> **What to produce**:
Locate "name: (x, y, z);" in the data below, then output the line it is on and all following lines through the last, word for word. Skip any pictures.

> **Supplied data**:
# # # # #

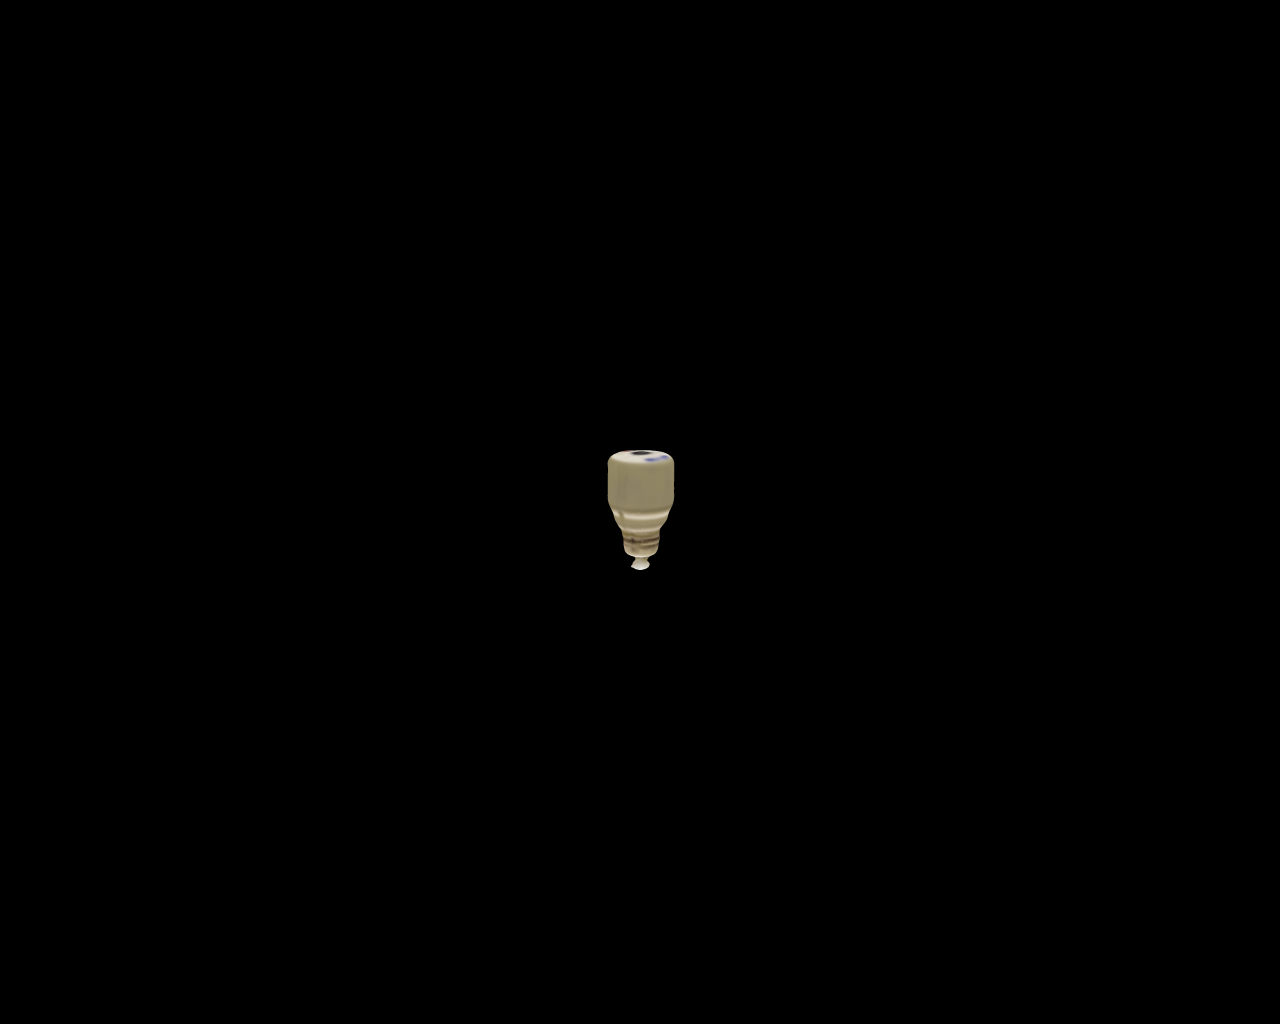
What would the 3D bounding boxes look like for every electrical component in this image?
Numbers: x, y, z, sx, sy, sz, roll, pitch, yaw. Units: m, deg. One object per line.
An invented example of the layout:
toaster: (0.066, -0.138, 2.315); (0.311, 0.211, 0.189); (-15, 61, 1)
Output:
electrical component: (0.001, -0.003, 0.650); (0.040, 0.078, 0.040); (0, 14, 0)
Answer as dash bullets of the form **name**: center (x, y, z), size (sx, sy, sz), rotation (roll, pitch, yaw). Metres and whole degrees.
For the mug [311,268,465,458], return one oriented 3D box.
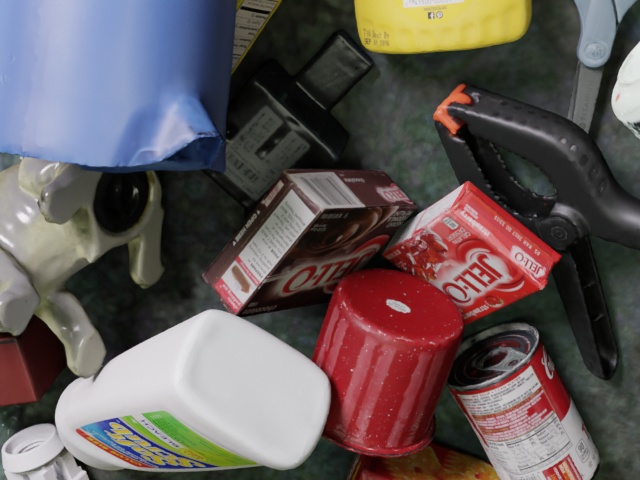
- **mug**: center (0.037, 0.065, 0.660), size (0.093, 0.117, 0.082), rotation (11, 119, -11)

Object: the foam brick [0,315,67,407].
- **foam brick**: center (-0.228, 0.083, 0.752), size (0.078, 0.053, 0.051), rotation (-9, 112, 16)

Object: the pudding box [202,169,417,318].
- **pudding box**: center (-0.004, 0.001, 0.641), size (0.039, 0.113, 0.090), rotation (50, 117, 23)

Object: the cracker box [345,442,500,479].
- **cracker box**: center (0.104, 0.240, 0.749), size (0.213, 0.072, 0.164), rotation (21, 116, 0)

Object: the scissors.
- **scissors**: center (0.142, -0.124, 0.610), size (0.096, 0.016, 0.202), rotation (24, 116, 1)

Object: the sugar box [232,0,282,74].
- **sugar box**: center (-0.073, -0.145, 0.608), size (0.093, 0.048, 0.176), rotation (49, 120, 20)

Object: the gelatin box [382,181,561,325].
- **gelatin box**: center (0.090, 0.010, 0.648), size (0.073, 0.030, 0.089), rotation (39, 151, -8)

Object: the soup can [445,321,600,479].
- **soup can**: center (0.130, 0.113, 0.689), size (0.069, 0.068, 0.102), rotation (-24, 108, 19)

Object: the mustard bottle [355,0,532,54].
- **mustard bottle**: center (0.058, -0.199, 0.568), size (0.096, 0.058, 0.191), rotation (-1, 114, 19)

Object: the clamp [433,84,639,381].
- **clamp**: center (0.156, -0.015, 0.620), size (0.210, 0.036, 0.165), rotation (47, 142, -6)

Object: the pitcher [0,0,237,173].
- **pitcher**: center (-0.106, -0.157, 0.528), size (0.149, 0.145, 0.243), rotation (8, 97, -4)

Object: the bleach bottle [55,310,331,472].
- **bleach bottle**: center (-0.102, 0.115, 0.688), size (0.102, 0.068, 0.251), rotation (35, 148, -19)
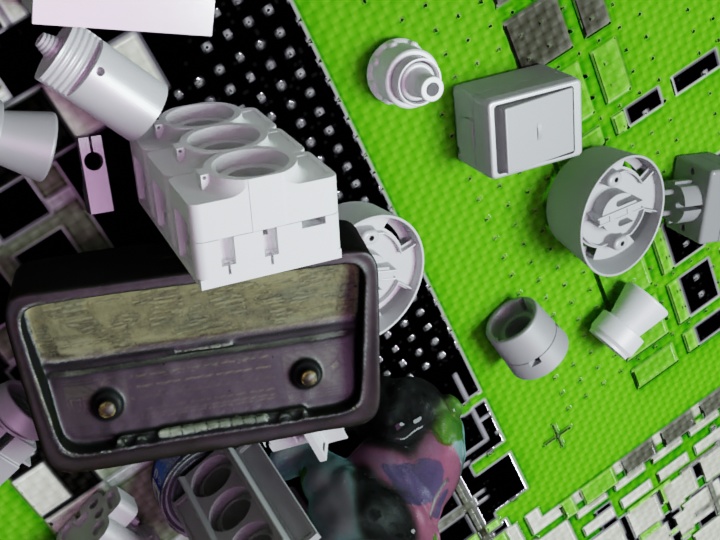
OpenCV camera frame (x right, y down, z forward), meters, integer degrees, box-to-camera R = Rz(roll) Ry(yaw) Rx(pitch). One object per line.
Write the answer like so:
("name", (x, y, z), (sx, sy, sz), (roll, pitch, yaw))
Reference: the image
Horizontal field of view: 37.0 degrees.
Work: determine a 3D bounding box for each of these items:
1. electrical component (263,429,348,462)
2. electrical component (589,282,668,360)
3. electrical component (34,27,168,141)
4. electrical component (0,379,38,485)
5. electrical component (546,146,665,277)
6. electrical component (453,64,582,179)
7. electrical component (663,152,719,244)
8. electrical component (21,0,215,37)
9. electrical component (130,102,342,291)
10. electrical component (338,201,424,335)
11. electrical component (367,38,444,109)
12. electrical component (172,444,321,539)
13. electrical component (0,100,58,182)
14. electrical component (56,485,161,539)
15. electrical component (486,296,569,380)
("electrical component", (-0.045, 0.105, 0.814), (0.064, 0.081, 0.042), (-18, 122, 15))
("electrical component", (0.234, 0.045, 0.940), (0.045, 0.045, 0.055), (39, 92, -34))
("electrical component", (-0.165, -0.120, 0.670), (0.081, 0.043, 0.043), (34, 95, -33))
("electrical component", (-0.245, 0.108, 0.734), (0.055, 0.048, 0.066), (-43, 124, 6))
("electrical component", (0.202, -0.049, 0.870), (0.099, 0.064, 0.099), (-10, 116, -22))
("electrical component", (0.126, -0.113, 0.806), (0.096, 0.061, 0.061), (-17, 119, -19))
("electrical component", (0.279, -0.060, 0.913), (0.077, 0.047, 0.065), (-8, 115, -23))
("electrical component", (-0.137, -0.237, 0.621), (0.105, 0.060, 0.186), (-2, 113, -25))
("electrical component", (-0.083, -0.054, 0.676), (0.089, 0.150, 0.061), (-14, 119, -20))
("electrical component", (0.000, 0.000, 0.793), (0.099, 0.064, 0.099), (-10, 116, -21))
("electrical component", (0.037, -0.133, 0.752), (0.048, 0.062, 0.048), (-10, 116, -22))
("electrical component", (-0.076, 0.184, 0.762), (0.079, 0.121, 0.063), (-40, 126, -4))
("electrical component", (-0.219, -0.081, 0.661), (0.055, 0.045, 0.045), (11, 107, -29))
("electrical component", (-0.186, 0.207, 0.800), (0.078, 0.058, 0.057), (-47, 121, -1))
("electrical component", (0.137, 0.055, 0.892), (0.055, 0.055, 0.047), (-44, 120, -3))
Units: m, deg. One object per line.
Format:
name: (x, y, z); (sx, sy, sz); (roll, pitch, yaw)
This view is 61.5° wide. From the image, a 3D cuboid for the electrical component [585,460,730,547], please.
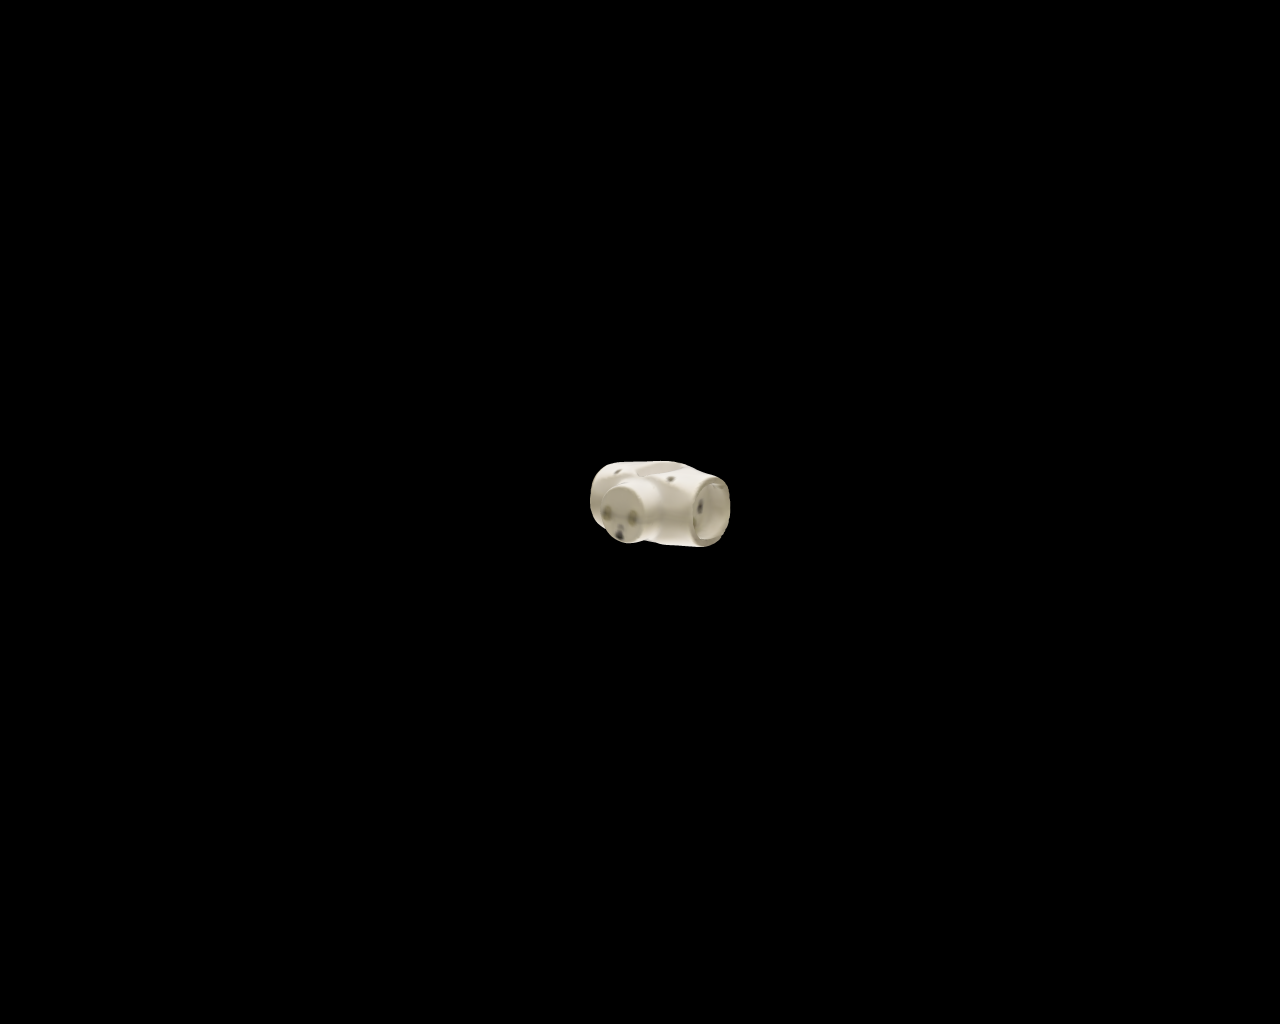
electrical component: (0.001, -0.003, 0.650); (0.077, 0.043, 0.079); (11, 18, 37)

# # # # #

> **Task result**:
name: (x, y, z); (sx, sy, sz); (roll, pitch, yaw)
This view is 61.5° wide. From the image, a 3D cuboid for the electrical component [585,460,730,547], please.
electrical component: (0.001, -0.003, 0.650); (0.077, 0.043, 0.079); (11, 18, 37)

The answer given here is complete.